§ EXERCISE BRIEF
Would you repeat exactly the part of the listing below that runs from the line containing "Compute 3D bounding" down to the line containing "#4 cookie box <box>871,261,1077,474</box>", inclusive, and nothing else?

§ ENTRIES PROVIDED
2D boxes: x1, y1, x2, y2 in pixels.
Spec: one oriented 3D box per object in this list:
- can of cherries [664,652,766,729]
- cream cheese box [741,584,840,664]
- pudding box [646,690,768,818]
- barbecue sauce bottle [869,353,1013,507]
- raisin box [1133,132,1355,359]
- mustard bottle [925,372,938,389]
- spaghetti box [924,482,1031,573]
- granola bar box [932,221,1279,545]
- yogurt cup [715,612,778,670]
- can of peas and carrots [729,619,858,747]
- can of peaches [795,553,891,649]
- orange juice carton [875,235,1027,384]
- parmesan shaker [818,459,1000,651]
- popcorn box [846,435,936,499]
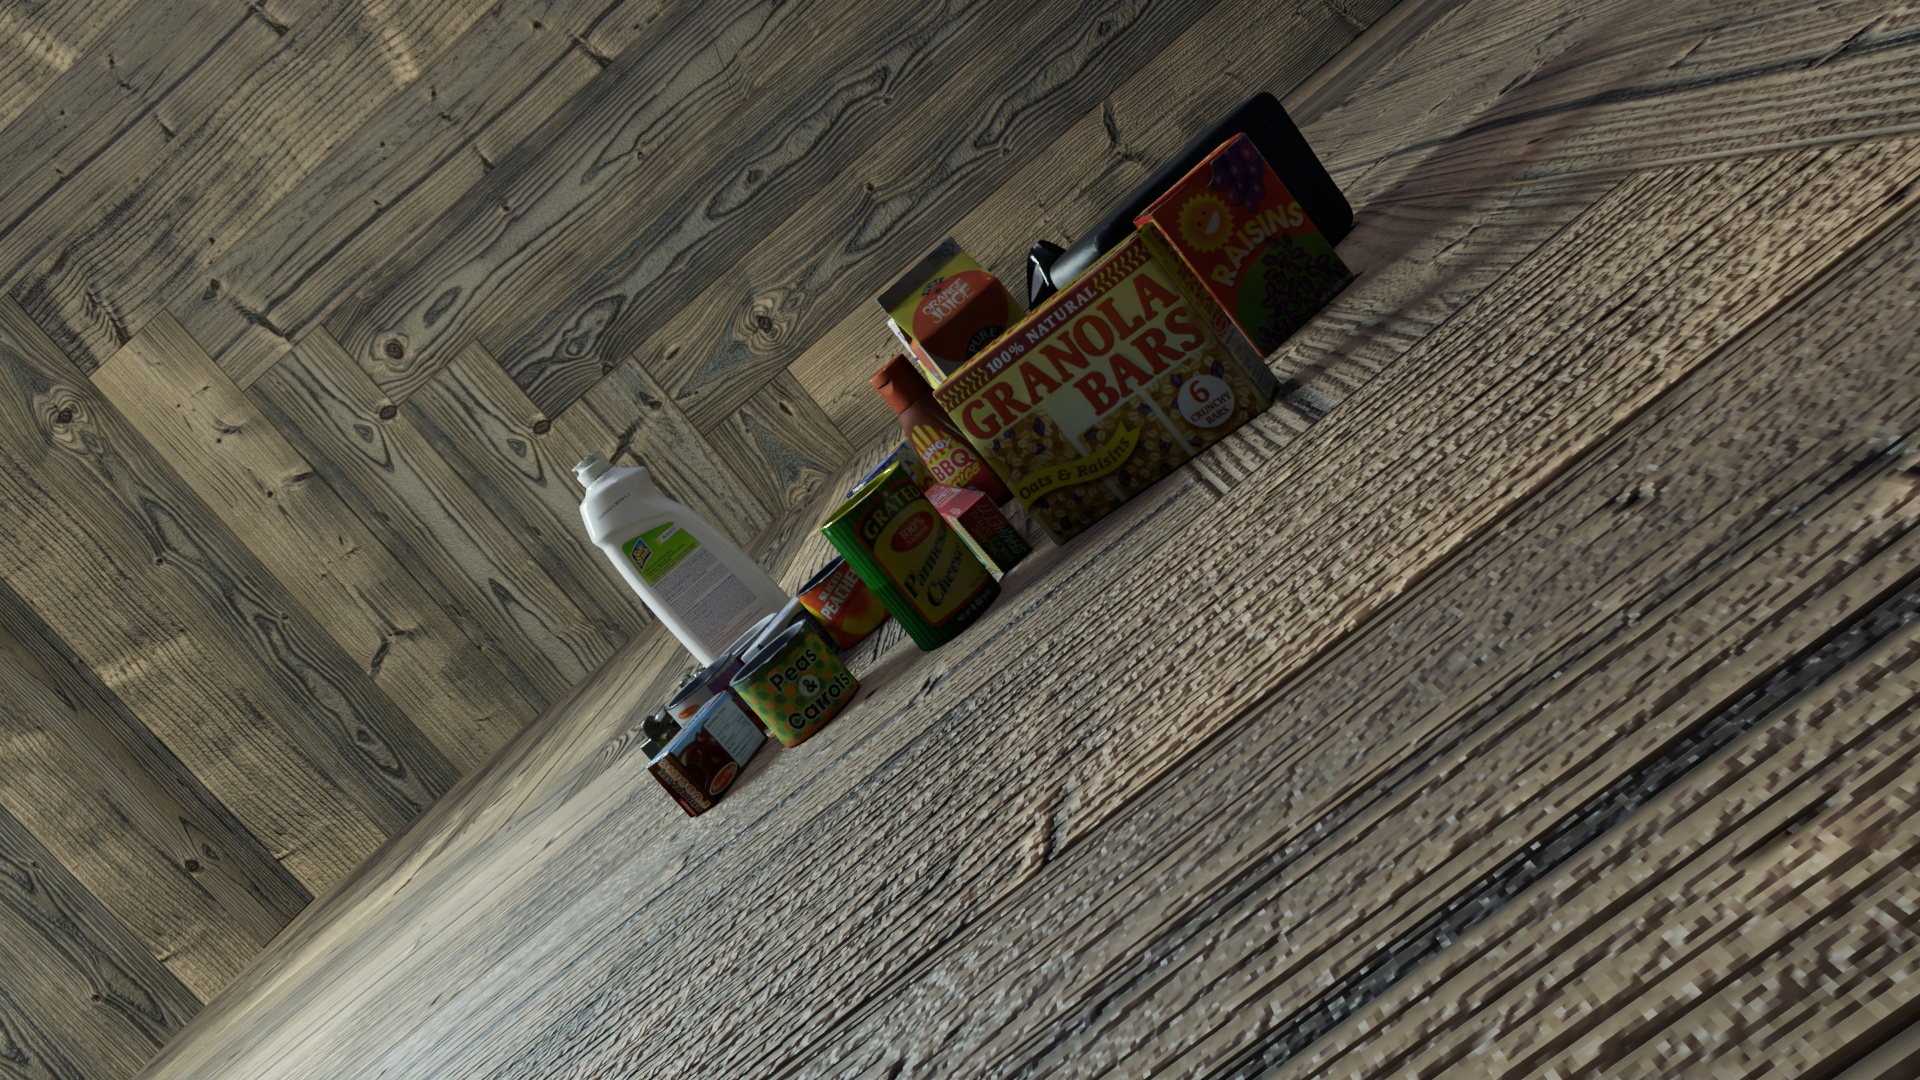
==
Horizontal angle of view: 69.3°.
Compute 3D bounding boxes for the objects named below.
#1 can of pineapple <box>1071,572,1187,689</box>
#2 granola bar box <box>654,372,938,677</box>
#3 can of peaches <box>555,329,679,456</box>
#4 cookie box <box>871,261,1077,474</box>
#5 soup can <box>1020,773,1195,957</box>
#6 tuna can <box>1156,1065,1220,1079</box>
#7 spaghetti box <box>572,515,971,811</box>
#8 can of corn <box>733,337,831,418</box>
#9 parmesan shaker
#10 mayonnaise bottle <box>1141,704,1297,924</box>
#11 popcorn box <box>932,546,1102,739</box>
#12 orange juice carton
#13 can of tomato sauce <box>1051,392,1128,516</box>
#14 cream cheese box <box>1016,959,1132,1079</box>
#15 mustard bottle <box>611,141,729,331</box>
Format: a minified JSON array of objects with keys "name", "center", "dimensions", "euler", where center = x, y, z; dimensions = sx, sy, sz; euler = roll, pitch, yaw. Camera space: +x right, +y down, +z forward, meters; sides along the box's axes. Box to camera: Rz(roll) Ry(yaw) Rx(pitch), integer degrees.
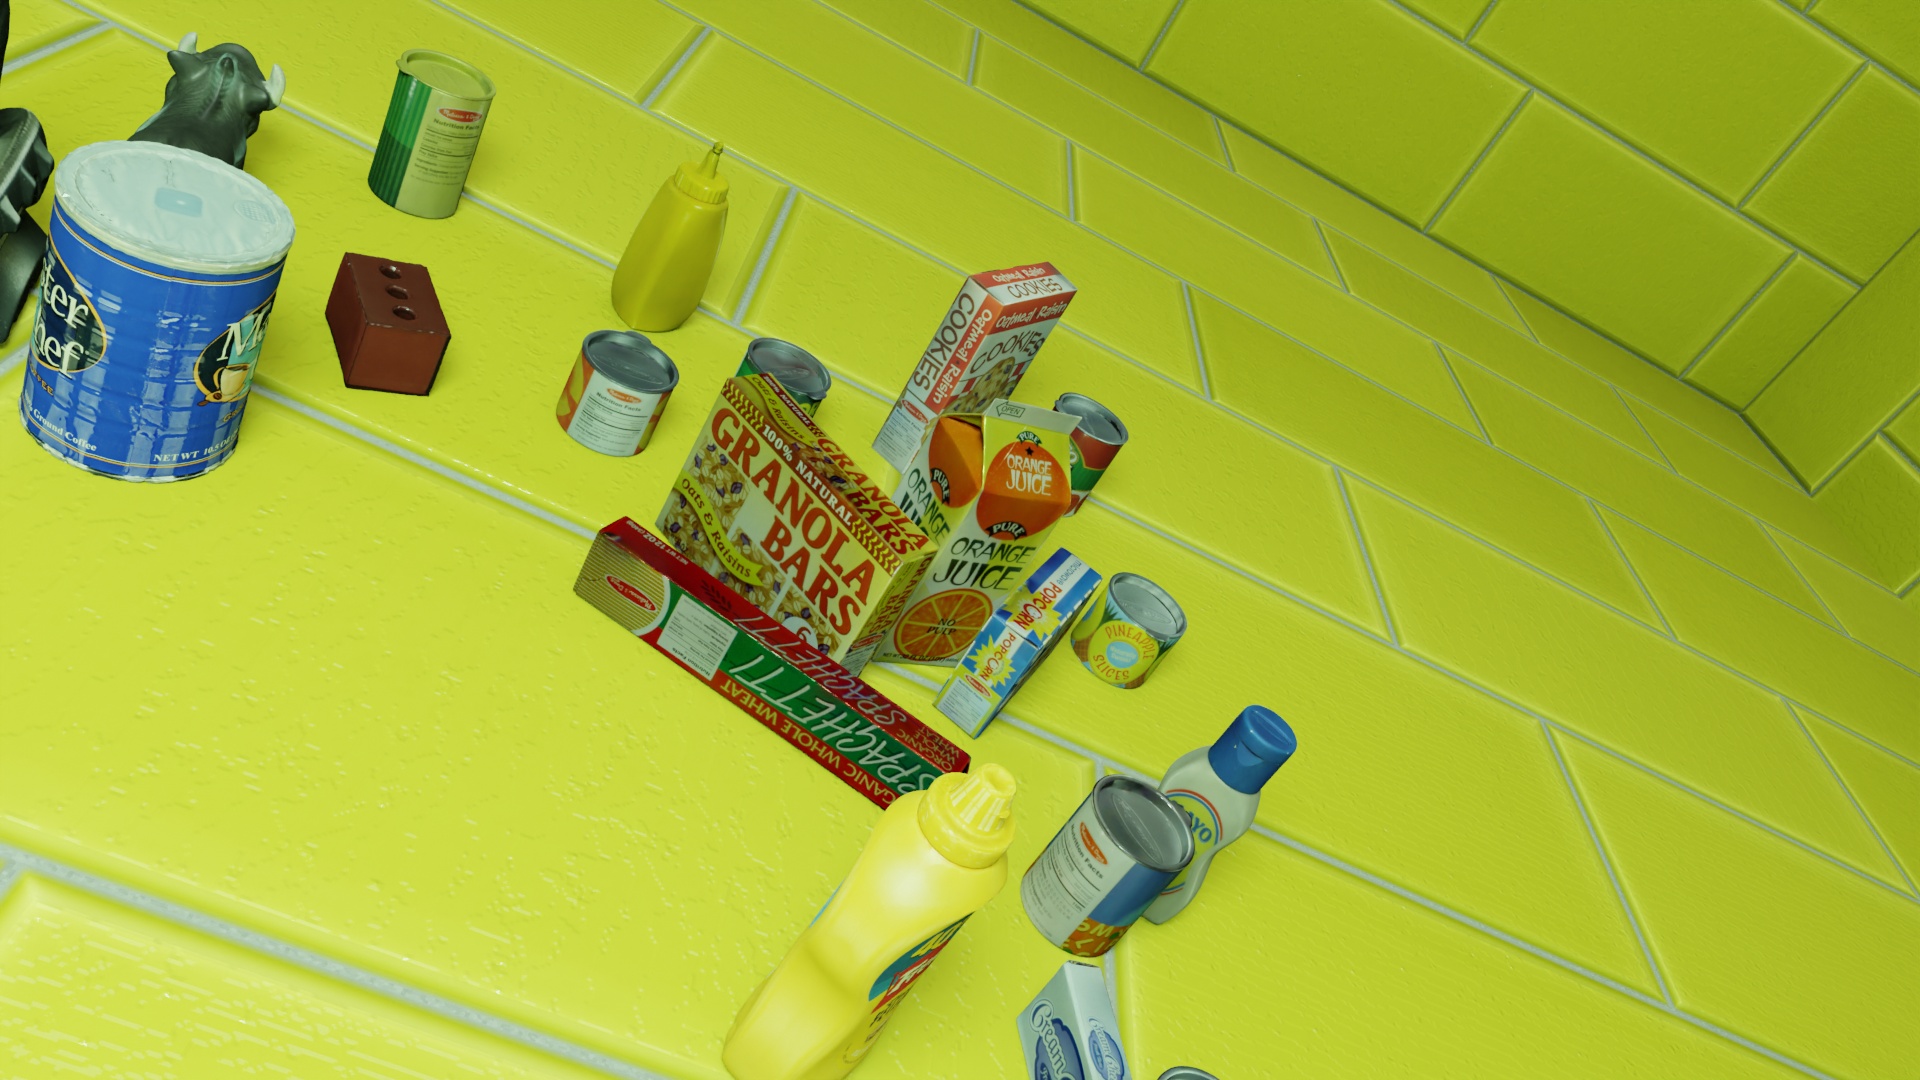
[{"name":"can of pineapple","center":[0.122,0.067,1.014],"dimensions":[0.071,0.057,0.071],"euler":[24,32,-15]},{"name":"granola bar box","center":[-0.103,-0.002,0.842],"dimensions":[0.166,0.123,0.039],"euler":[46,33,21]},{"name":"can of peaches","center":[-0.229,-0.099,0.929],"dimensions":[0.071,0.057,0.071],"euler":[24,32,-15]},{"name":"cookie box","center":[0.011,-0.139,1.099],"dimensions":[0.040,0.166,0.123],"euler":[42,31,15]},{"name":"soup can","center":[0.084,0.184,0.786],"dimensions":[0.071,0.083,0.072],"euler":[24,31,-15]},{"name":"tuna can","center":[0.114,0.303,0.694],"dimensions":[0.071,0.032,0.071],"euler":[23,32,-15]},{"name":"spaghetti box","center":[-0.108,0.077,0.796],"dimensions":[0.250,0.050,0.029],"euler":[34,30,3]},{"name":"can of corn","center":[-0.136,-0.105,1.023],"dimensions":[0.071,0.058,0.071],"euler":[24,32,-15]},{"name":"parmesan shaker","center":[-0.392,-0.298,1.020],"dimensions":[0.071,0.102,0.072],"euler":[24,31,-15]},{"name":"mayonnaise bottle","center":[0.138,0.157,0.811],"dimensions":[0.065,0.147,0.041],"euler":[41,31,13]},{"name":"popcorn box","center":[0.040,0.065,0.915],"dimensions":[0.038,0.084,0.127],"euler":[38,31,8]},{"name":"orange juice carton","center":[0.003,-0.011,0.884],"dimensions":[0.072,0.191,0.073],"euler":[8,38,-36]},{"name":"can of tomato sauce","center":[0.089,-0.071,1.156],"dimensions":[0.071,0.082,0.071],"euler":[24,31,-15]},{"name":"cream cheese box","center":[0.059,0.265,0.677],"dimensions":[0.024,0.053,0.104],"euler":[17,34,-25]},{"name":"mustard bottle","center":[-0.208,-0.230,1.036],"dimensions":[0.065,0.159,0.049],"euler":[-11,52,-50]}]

§ COMPLETED EXERCISE
Compute 3D bounding boxes for the objects named below.
#1 can of pineapple <box>1071,572,1187,689</box>
#2 granola bar box <box>654,372,938,677</box>
#3 can of peaches <box>555,329,679,456</box>
#4 cookie box <box>871,261,1077,474</box>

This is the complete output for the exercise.